If the word is weird, eerie, and uncanny, it’s likely to be Scots, and eldritch is all of them. Most etymologists see a connection between eldritch and elf, as the early spelling variant elphrish suggests. The second syllable is likely to be Middle English riche “kingdom, realm” (from Old English rīce); the d is an excrescent or intrusive consonant between the l and the r, like chimbley for chimney in Oliver Twist: “they damped the straw afore they lit it in the chimbley.” This “Elf Kingdom” used to be exclusively Scots; the first “non-Scots” author to use the word was Nathaniel Hawthorne in his Scarlet Letter (1850).
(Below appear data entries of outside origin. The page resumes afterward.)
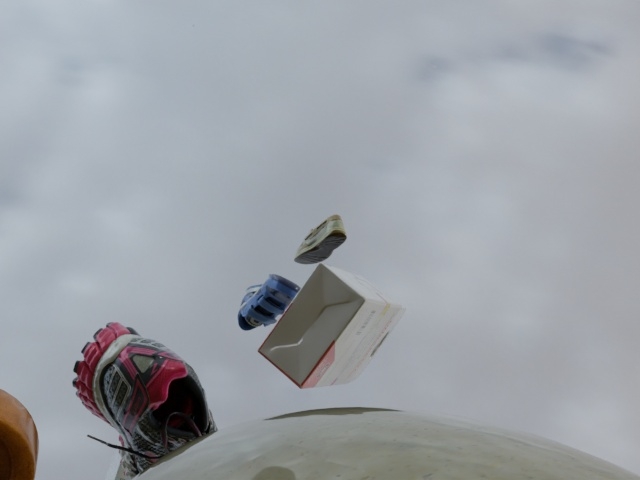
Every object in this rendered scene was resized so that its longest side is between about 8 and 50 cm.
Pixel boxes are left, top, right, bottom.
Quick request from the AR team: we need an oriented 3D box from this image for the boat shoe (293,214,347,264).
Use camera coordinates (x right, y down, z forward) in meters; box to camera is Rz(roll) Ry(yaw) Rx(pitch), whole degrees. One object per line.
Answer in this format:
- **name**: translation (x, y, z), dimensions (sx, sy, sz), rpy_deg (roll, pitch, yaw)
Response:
- **boat shoe**: translation (0.000, 0.000, 1.347), dimensions (0.050, 0.135, 0.045), rpy_deg (16, -122, -31)

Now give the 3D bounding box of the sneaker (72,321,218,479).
- **sneaker**: translation (-0.166, 0.218, 0.897), dimensions (0.121, 0.112, 0.299), rpy_deg (-56, -35, -29)

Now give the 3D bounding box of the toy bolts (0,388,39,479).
- **toy bolts**: translation (-0.302, 0.098, 0.465), dimensions (0.228, 0.158, 0.218), rpy_deg (-39, -58, -13)

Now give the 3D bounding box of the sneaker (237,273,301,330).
- **sneaker**: translation (-0.070, 0.086, 1.082), dimensions (0.053, 0.144, 0.059), rpy_deg (34, -119, -12)

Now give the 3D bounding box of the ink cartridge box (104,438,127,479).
- **ink cartridge box**: translation (-0.318, 0.371, 1.323), dimensions (0.045, 0.145, 0.179), rpy_deg (23, -104, -14)

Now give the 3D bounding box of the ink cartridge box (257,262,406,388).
- **ink cartridge box**: translation (0.021, 0.097, 0.894), dimensions (0.067, 0.198, 0.115), rpy_deg (38, -85, 20)

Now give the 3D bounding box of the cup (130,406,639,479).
- **cup**: translation (0.060, 0.208, 0.334), dimensions (0.331, 0.331, 0.237), rpy_deg (32, -40, -15)
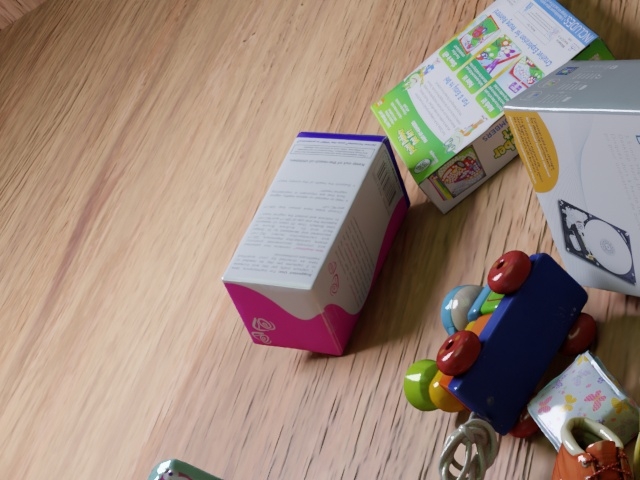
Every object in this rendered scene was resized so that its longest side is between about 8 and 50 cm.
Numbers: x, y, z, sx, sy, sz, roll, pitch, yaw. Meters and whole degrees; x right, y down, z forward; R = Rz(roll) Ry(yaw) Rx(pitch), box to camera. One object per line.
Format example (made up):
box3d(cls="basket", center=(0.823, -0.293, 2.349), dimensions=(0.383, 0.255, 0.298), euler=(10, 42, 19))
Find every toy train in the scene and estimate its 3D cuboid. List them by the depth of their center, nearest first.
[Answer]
box3d(cls="toy train", center=(0.117, 0.128, 1.223), dimensions=(0.248, 0.105, 0.143), euler=(-55, 18, -22))

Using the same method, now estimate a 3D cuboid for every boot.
box3d(cls="boot", center=(0.201, 0.188, 1.004), dimensions=(0.059, 0.084, 0.158), euler=(-4, 24, -13))

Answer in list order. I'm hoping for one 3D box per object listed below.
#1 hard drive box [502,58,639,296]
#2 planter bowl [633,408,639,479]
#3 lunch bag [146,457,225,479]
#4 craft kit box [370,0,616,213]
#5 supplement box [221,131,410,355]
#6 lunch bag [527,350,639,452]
box3d(cls="hard drive box", center=(0.275, -0.048, 1.141), dimensions=(0.089, 0.181, 0.232), euler=(-33, 20, -24))
box3d(cls="planter bowl", center=(0.290, 0.119, 0.990), dimensions=(0.217, 0.090, 0.217), euler=(-34, 27, 20))
box3d(cls="lunch bag", center=(-0.065, 0.309, 1.012), dimensions=(0.160, 0.262, 0.223), euler=(-19, 34, 41))
box3d(cls="craft kit box", center=(0.188, -0.170, 1.614), dimensions=(0.246, 0.061, 0.250), euler=(-37, 26, 8))
box3d(cls="supplement box", center=(0.000, 0.000, 1.521), dimensions=(0.114, 0.111, 0.220), euler=(5, 49, 26))
box3d(cls="lunch bag", center=(0.208, 0.133, 1.129), dimensions=(0.071, 0.053, 0.083), euler=(-43, 35, 6))
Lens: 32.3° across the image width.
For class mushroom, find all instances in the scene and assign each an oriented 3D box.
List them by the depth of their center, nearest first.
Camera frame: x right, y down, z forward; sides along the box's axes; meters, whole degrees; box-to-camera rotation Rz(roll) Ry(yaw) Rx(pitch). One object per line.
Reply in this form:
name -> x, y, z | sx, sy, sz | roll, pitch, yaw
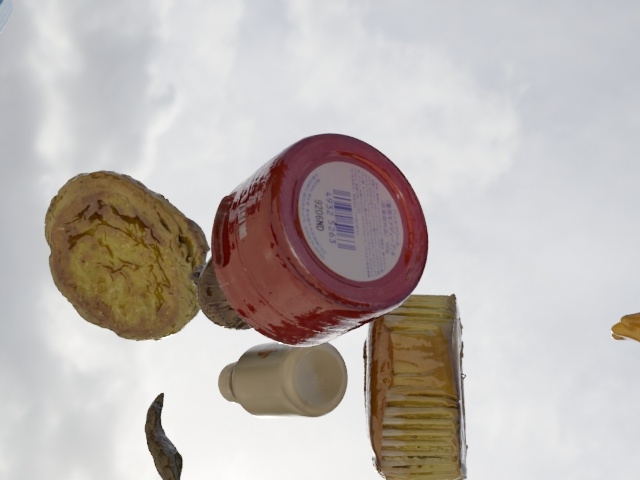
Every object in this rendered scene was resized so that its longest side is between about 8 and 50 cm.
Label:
mushroom -> -0.096, 0.048, 1.321 | 0.109, 0.126, 0.085 | 30, -28, -11

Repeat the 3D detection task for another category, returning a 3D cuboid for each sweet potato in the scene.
sweet potato -> -0.201, 0.263, 1.410 | 0.038, 0.041, 0.153 | 54, 9, -45

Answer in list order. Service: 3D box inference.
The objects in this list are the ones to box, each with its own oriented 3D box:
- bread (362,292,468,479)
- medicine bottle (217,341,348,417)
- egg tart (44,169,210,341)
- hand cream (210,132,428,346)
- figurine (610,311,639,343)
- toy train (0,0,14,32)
bread -> 0.137, 0.218, 1.642 | 0.156, 0.288, 0.204 | -2, -22, 9
medicine bottle -> -0.068, 0.207, 1.636 | 0.252, 0.114, 0.114 | -16, -77, 57
egg tart -> -0.325, 0.021, 1.920 | 0.341, 0.129, 0.341 | 11, -63, 23
hand cream -> 0.000, 0.000, 1.083 | 0.193, 0.193, 0.125 | 56, -40, -1
figurine -> 0.420, 0.228, 1.128 | 0.187, 0.215, 0.344 | -60, -138, 49
toy train -> -0.619, -0.356, 1.624 | 0.300, 0.188, 0.265 | 27, -16, -5
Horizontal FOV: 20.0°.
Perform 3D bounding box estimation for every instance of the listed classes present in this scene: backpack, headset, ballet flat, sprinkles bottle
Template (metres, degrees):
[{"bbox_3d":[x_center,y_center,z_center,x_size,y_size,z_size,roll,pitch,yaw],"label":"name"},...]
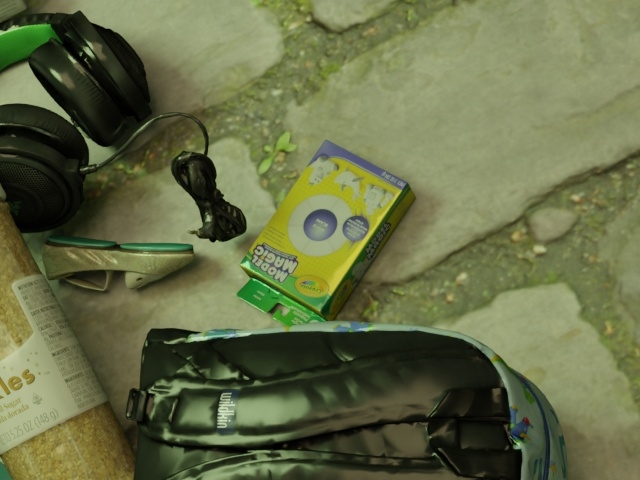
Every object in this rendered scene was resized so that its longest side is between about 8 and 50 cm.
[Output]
[{"bbox_3d":[0.035,0.200,1.585,0.356,0.273,0.290,-18,60,32],"label":"backpack"},{"bbox_3d":[-0.253,-0.099,1.847,0.394,0.185,0.243,16,61,38],"label":"headset"},{"bbox_3d":[-0.201,0.025,1.821,0.168,0.057,0.052,4,97,21],"label":"ballet flat"},{"bbox_3d":[-0.289,0.098,1.701,0.121,0.121,0.355,-28,87,3],"label":"sprinkles bottle"}]

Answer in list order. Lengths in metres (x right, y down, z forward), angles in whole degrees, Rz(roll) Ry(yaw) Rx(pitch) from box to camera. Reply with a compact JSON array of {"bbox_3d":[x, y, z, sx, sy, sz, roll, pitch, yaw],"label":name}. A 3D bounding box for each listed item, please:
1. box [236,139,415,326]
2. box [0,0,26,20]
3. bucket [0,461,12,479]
[{"bbox_3d":[0.000,0.000,1.773,0.105,0.043,0.179,29,80,24],"label":"box"},{"bbox_3d":[-0.394,-0.371,1.997,0.067,0.063,0.324,-24,55,6],"label":"box"},{"bbox_3d":[-0.416,0.271,1.655,0.183,0.281,0.281,-14,65,19],"label":"bucket"}]
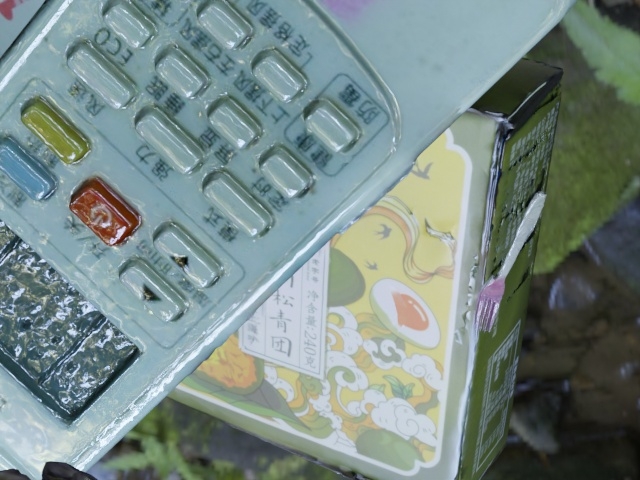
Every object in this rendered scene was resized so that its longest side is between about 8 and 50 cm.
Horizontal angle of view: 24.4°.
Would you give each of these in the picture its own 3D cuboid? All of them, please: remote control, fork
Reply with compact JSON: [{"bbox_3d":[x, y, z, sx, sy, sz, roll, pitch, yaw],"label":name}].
[{"bbox_3d":[-0.060,-0.036,0.576,0.145,0.050,0.344,43,121,-4],"label":"remote control"},{"bbox_3d":[0.119,0.012,0.930,0.016,0.012,0.115,2,130,-20],"label":"fork"}]

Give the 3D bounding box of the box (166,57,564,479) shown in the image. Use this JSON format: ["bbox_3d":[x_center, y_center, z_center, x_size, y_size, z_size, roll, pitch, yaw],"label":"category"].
[{"bbox_3d":[0.000,0.000,1.326,0.373,0.138,0.420,20,126,24],"label":"box"}]

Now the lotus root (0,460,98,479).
[{"bbox_3d":[-0.103,0.194,0.289,0.272,0.192,0.272,9,106,33],"label":"lotus root"}]

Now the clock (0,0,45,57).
[{"bbox_3d":[-0.183,-0.167,0.759,0.265,0.108,0.324,-31,109,-19],"label":"clock"}]
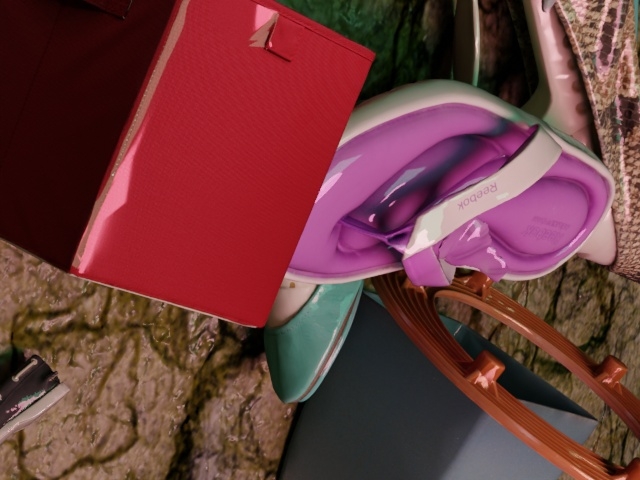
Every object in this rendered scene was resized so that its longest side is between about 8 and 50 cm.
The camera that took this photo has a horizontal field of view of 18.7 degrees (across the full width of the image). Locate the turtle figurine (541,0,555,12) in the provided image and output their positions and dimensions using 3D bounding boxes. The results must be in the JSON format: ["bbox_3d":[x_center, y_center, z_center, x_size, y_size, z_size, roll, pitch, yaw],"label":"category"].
[{"bbox_3d":[0.079,-0.323,1.292,0.266,0.275,0.198,-61,-176,2],"label":"turtle figurine"}]

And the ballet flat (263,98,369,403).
[{"bbox_3d":[0.000,0.000,1.481,0.087,0.083,0.247,29,84,-28],"label":"ballet flat"}]

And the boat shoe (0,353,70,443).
[{"bbox_3d":[-0.224,0.122,1.290,0.125,0.038,0.046,-38,176,-25],"label":"boat shoe"}]

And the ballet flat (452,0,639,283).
[{"bbox_3d":[0.200,-0.116,1.616,0.182,0.164,0.482,-28,125,-12],"label":"ballet flat"}]

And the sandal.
[{"bbox_3d":[0.114,-0.023,1.409,0.416,0.102,0.169,-2,127,-52],"label":"sandal"}]

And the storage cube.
[{"bbox_3d":[-0.114,-0.076,1.204,0.215,0.184,0.193,21,91,-53],"label":"storage cube"}]

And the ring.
[{"bbox_3d":[0.181,0.105,1.534,0.032,0.336,0.337,-52,145,14],"label":"ring"}]

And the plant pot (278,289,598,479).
[{"bbox_3d":[0.074,0.193,1.587,0.165,0.166,0.234,19,103,-52],"label":"plant pot"}]
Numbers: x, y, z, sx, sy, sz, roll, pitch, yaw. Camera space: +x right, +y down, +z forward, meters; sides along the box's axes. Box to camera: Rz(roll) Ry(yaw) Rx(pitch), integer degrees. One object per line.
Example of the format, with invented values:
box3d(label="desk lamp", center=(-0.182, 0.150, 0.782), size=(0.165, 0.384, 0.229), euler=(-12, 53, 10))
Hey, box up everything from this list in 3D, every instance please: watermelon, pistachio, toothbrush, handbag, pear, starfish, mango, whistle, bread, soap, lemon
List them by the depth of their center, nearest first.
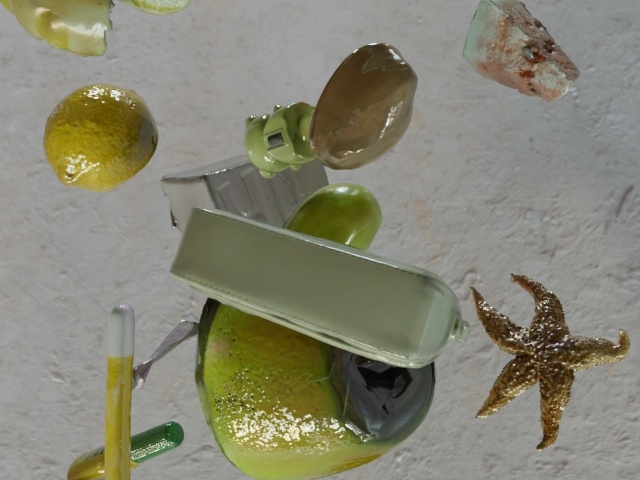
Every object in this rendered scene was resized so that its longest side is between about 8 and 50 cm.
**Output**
box3d(label="toothbrush", center=(-0.127, 0.183, 0.375), size=(0.024, 0.021, 0.288), euler=(0, 90, 0))
box3d(label="handbag", center=(0.007, 0.050, 0.562), size=(0.256, 0.219, 0.079), euler=(16, 84, 22))
box3d(label="pistachio", center=(0.047, -0.145, 0.683), size=(0.113, 0.113, 0.149), euler=(40, 90, 19))
box3d(label="pear", center=(0.031, 0.177, 0.897), size=(0.399, 0.165, 0.399), euler=(5, 82, -39))
box3d(label="bread", center=(-0.347, -0.443, 0.938), size=(0.333, 0.160, 0.333), euler=(4, 76, -18))
box3d(label="starfish", center=(0.382, 0.209, 1.090), size=(0.299, 0.060, 0.302), euler=(17, 72, 22))
box3d(label="watermelon", center=(0.364, -0.331, 1.101), size=(0.094, 0.154, 0.241), euler=(-18, 52, -36))
box3d(label="whistle", center=(-0.052, -0.199, 1.152), size=(0.106, 0.288, 0.131), euler=(-23, 100, -41))
box3d(label="mango", center=(0.004, 0.000, 1.197), size=(0.149, 0.185, 0.273), euler=(43, 85, 19))
box3d(label="lemon", center=(-0.433, -0.206, 1.207), size=(0.204, 0.204, 0.260), euler=(16, 51, 11))
box3d(label="soap", center=(-0.175, -0.078, 1.702), size=(0.435, 0.213, 0.350), euler=(-27, 103, -43))

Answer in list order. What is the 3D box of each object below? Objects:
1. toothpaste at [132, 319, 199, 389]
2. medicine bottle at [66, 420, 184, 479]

Eldritch entered English in the early 16th century.

how is eldritch used?

In this anthology podcast, the mountains of central Appalachia are haunted by the sort of sanity-draining eldritch monsters found in a Stephen King novel, or in HBO’s “Lovecraft Country.”

Phoebe Lett, "4 Podcasts That Go Bump in the Night," The New York Times, October 10, 2020

Despite the eldritch horrors of Toni’s princess cake, her competitors’ renditions were, somehow, even more atrocious.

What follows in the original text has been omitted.